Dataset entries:
____________________
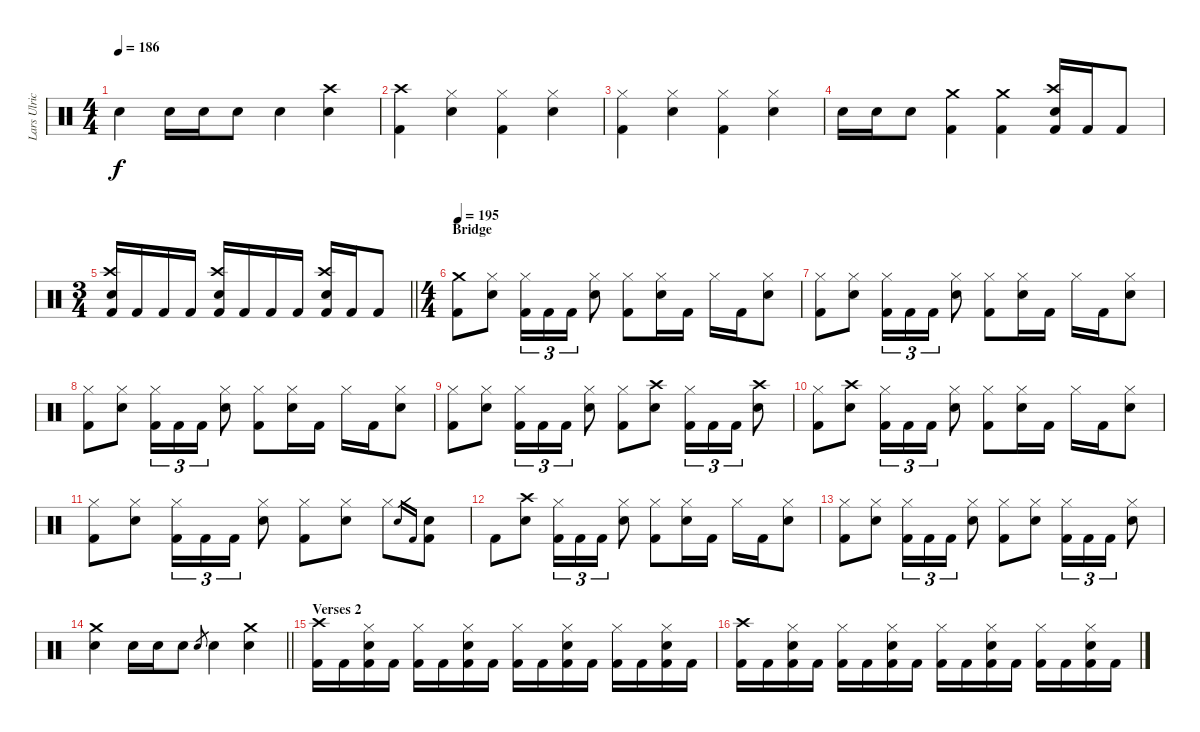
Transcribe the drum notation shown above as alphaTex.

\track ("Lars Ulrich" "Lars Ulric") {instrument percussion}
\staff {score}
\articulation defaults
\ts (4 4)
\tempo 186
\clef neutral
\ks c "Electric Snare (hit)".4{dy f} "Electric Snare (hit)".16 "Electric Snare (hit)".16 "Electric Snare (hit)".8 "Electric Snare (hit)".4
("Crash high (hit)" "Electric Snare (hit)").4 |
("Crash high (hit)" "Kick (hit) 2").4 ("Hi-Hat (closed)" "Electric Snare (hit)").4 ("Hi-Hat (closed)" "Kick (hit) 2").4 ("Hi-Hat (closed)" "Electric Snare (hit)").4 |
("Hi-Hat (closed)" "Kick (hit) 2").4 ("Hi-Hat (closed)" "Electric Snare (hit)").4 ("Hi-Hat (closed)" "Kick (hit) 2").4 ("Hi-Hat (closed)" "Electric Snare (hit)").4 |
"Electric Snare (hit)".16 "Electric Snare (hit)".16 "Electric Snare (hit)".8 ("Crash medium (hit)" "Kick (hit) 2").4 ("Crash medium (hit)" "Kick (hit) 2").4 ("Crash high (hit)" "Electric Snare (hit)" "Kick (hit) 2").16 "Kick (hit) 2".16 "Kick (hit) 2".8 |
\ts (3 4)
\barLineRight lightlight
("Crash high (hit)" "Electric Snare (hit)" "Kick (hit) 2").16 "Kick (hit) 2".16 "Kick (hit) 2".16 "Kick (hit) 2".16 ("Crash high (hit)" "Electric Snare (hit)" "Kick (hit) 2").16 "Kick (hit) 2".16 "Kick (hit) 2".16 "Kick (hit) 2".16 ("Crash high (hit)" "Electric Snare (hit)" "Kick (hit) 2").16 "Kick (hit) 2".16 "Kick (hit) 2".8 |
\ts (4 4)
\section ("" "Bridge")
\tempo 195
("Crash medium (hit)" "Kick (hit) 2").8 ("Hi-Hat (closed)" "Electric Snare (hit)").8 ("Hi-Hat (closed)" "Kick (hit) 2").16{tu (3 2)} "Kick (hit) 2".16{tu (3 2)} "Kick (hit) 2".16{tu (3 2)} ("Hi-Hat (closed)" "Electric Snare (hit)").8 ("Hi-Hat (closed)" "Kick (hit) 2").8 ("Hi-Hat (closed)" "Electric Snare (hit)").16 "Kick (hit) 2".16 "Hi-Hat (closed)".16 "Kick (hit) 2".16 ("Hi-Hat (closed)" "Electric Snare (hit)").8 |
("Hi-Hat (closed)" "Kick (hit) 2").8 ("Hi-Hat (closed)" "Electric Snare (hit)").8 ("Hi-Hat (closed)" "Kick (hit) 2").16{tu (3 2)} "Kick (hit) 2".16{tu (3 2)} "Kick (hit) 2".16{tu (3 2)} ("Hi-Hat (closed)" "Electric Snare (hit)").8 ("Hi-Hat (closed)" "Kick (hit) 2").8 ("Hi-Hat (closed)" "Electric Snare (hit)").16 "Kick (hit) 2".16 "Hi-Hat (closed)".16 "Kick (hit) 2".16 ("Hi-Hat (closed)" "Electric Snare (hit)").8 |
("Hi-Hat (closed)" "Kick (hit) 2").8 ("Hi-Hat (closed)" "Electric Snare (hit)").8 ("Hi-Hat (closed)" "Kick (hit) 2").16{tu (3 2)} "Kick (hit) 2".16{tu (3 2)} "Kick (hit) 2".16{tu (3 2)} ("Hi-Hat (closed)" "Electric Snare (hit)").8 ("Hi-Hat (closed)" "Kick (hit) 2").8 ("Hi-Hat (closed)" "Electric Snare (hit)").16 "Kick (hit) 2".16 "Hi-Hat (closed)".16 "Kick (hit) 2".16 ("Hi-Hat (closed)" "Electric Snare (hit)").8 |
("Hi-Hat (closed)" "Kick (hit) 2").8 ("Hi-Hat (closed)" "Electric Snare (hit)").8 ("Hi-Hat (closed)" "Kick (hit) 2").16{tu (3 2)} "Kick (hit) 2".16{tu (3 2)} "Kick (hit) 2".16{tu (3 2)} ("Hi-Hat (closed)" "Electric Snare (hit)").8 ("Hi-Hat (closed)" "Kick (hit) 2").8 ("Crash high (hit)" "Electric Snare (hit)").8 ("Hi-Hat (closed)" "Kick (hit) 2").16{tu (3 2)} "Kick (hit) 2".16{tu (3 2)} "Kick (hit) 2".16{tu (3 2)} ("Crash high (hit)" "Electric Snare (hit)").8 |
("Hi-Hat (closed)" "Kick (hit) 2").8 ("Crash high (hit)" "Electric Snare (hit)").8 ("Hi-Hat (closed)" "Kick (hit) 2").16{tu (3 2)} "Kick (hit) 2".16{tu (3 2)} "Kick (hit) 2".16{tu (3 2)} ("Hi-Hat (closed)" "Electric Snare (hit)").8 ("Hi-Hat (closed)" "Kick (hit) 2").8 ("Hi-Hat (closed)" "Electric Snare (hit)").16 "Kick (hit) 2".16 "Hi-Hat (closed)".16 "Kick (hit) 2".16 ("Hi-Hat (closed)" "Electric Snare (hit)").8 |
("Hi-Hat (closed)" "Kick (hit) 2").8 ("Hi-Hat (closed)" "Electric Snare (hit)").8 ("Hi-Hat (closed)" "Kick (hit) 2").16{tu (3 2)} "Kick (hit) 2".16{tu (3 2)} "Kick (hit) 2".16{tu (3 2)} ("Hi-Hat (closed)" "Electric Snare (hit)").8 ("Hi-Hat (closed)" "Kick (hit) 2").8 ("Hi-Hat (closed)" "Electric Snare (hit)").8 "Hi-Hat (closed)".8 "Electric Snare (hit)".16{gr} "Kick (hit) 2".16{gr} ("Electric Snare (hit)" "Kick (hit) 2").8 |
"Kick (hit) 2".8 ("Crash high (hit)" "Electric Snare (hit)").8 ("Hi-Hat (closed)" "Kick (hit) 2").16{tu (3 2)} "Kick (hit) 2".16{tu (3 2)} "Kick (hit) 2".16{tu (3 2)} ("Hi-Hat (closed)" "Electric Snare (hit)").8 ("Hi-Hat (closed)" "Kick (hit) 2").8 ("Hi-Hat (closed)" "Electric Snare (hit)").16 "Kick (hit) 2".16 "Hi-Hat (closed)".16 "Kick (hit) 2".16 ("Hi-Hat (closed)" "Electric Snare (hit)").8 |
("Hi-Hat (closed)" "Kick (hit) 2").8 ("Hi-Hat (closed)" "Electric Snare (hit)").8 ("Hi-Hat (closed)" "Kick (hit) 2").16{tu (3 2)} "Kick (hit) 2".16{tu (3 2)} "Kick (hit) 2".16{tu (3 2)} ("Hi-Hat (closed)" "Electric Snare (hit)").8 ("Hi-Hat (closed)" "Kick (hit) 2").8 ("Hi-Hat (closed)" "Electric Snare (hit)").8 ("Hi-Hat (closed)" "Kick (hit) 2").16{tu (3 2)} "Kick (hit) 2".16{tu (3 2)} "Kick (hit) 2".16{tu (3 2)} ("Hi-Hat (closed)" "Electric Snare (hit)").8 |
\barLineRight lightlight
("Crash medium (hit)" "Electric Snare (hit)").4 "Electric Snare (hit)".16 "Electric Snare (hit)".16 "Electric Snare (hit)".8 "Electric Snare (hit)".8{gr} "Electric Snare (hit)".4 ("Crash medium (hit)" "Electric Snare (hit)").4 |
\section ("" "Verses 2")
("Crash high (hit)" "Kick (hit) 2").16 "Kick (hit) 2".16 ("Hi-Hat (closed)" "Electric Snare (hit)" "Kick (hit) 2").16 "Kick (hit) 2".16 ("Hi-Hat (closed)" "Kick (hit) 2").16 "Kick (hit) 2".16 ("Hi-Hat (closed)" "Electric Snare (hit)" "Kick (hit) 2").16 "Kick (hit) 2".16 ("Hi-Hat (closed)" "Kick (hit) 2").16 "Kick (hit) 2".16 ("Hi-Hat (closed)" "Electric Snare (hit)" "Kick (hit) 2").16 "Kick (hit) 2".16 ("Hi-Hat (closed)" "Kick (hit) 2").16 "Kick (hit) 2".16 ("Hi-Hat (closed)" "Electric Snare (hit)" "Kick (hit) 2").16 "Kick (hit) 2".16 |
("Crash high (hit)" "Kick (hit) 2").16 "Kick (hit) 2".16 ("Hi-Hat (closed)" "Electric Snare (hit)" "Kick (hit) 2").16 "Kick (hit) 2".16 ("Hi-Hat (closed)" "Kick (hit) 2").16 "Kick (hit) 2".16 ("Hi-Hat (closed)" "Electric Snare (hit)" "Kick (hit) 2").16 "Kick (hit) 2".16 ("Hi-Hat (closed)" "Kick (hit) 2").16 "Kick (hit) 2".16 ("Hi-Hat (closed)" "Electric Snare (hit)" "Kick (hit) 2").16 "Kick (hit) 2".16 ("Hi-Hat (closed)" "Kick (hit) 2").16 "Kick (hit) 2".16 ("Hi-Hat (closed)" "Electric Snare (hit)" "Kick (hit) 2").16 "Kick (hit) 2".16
____________________
TASK DESCRIPTION - Using the data above, copy each line that contains "medium".

RESULT FOR THIS TASK -
"Electric Snare (hit)".16 "Electric Snare (hit)".16 "Electric Snare (hit)".8 ("Crash medium (hit)" "Kick (hit) 2").4 ("Crash medium (hit)" "Kick (hit) 2").4 ("Crash high (hit)" "Electric Snare (hit)" "Kick (hit) 2").16 "Kick (hit) 2".16 "Kick (hit) 2".8 |
("Crash medium (hit)" "Kick (hit) 2").8 ("Hi-Hat (closed)" "Electric Snare (hit)").8 ("Hi-Hat (closed)" "Kick (hit) 2").16{tu (3 2)} "Kick (hit) 2".16{tu (3 2)} "Kick (hit) 2".16{tu (3 2)} ("Hi-Hat (closed)" "Electric Snare (hit)").8 ("Hi-Hat (closed)" "Kick (hit) 2").8 ("Hi-Hat (closed)" "Electric Snare (hit)").16 "Kick (hit) 2".16 "Hi-Hat (closed)".16 "Kick (hit) 2".16 ("Hi-Hat (closed)" "Electric Snare (hit)").8 |
("Crash medium (hit)" "Electric Snare (hit)").4 "Electric Snare (hit)".16 "Electric Snare (hit)".16 "Electric Snare (hit)".8 "Electric Snare (hit)".8{gr} "Electric Snare (hit)".4 ("Crash medium (hit)" "Electric Snare (hit)").4 |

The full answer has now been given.